There are statements in _MC_ about the U.S. domestic economy in the mid-1960s that are extremely hard to credit as attempts at analysis. To argue in the mid-1960s boom that "capitalism's basic law of motion, temporarily thwarted [during World War II] soon resumed its sway. Unemployment kept steadily upward, and the character of the new technologies of the postwar period sharply accentuated the disadvantages of unskilled and semi-skilled workers.... By the end of the 1950s the real state of affairs could no longer be concealed: it was impossible to continue to believe in the existence of a meliorative trend..." Such passages as this are much more easily classified as "things it would be helpful for the Movement to believe" rather than "conclusions I have reached through serious analysis." It leads to the conclusion that the Cold War has been generated by the U.S. power elite in order to temporarily solve the system's accumulation crisis, which is a comforting thought for the Movement to hold on to but not a serious analysis.

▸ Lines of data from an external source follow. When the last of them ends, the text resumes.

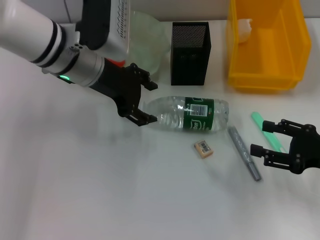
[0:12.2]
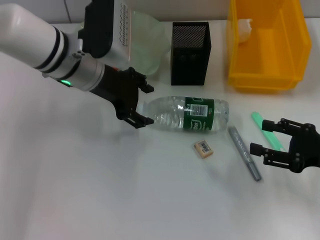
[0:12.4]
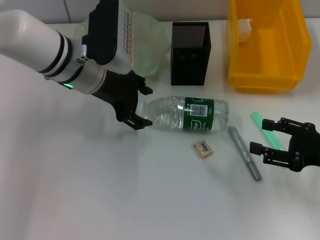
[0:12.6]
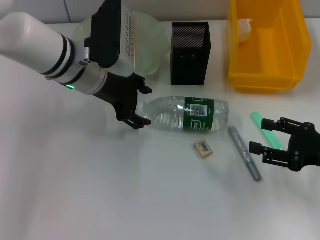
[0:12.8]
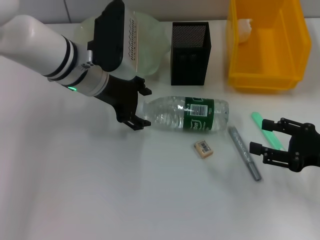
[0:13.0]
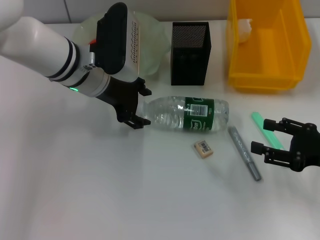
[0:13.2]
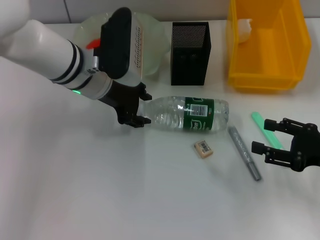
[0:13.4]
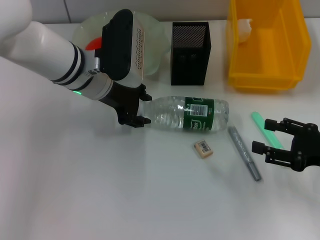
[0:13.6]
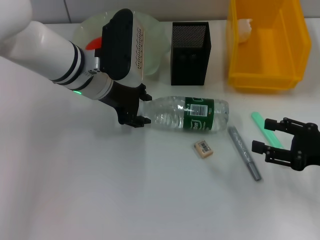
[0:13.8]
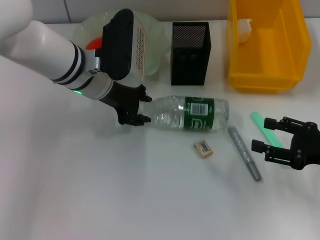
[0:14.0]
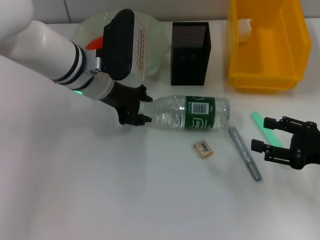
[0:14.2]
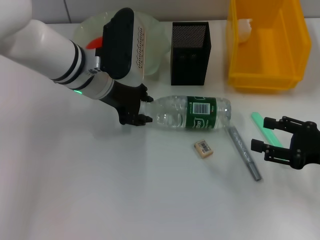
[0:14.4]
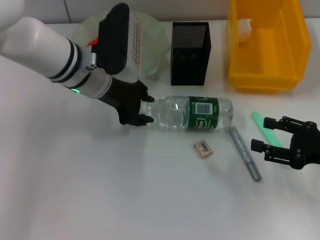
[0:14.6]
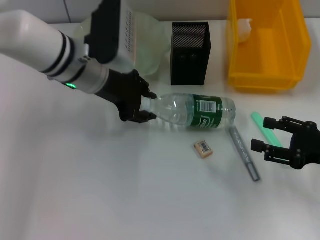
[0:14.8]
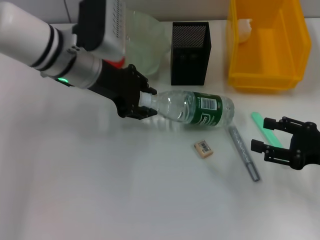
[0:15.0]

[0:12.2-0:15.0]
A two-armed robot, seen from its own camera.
0:12.2 to 0:15.0: The grippers stay close to where they were, moving slightly.

The tone of the Heilbroner-Sweezy exchange in _TNYRoB_ led me to up my estimate of how much of _MC_ was meant to comfort the Movement rather than be serious analysis.

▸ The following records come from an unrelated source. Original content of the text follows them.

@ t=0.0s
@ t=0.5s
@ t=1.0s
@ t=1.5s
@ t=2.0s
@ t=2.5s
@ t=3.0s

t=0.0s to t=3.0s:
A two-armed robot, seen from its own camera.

More interesting (and I think much more valuable) in _MC_ is the neo-Galbraithian neo-Veblenesque critique of consumer society: capitalism's problem is not that it is less productive than socialism but that its productivity is directed toward useless, counterproductive, and happiness-destroying ends. This critique does, I think, have a lot of truth in it, and I have always found it quite valuable. It does, however, lead me to places I do not want to go: "One need not have a specific idea of a reasonably constructed automobile, a well planned neighborhood, a beautiful musical composition, to recognize that the model changes that are incessantly imposed upon us, the slums that surround us, and the rock-and-roll that blares at us exemplify a pattern of utilization of human and material resources which is inimical to human welfare...."

As for Sweezy's other and later writings.... I always found anything cowritten with Magdoff to be worth reading.... I always found anything cowritten with Huberman to be not worth reading.... I always wondered how much of the stuff about the revolutionary economic and political potential of third-world socialism was meant to be taken as serious analysis, and how much just to keep up the spirits of the Movement by telling them earnestly that somewhere socialismwas advancing and utopia was being constructed.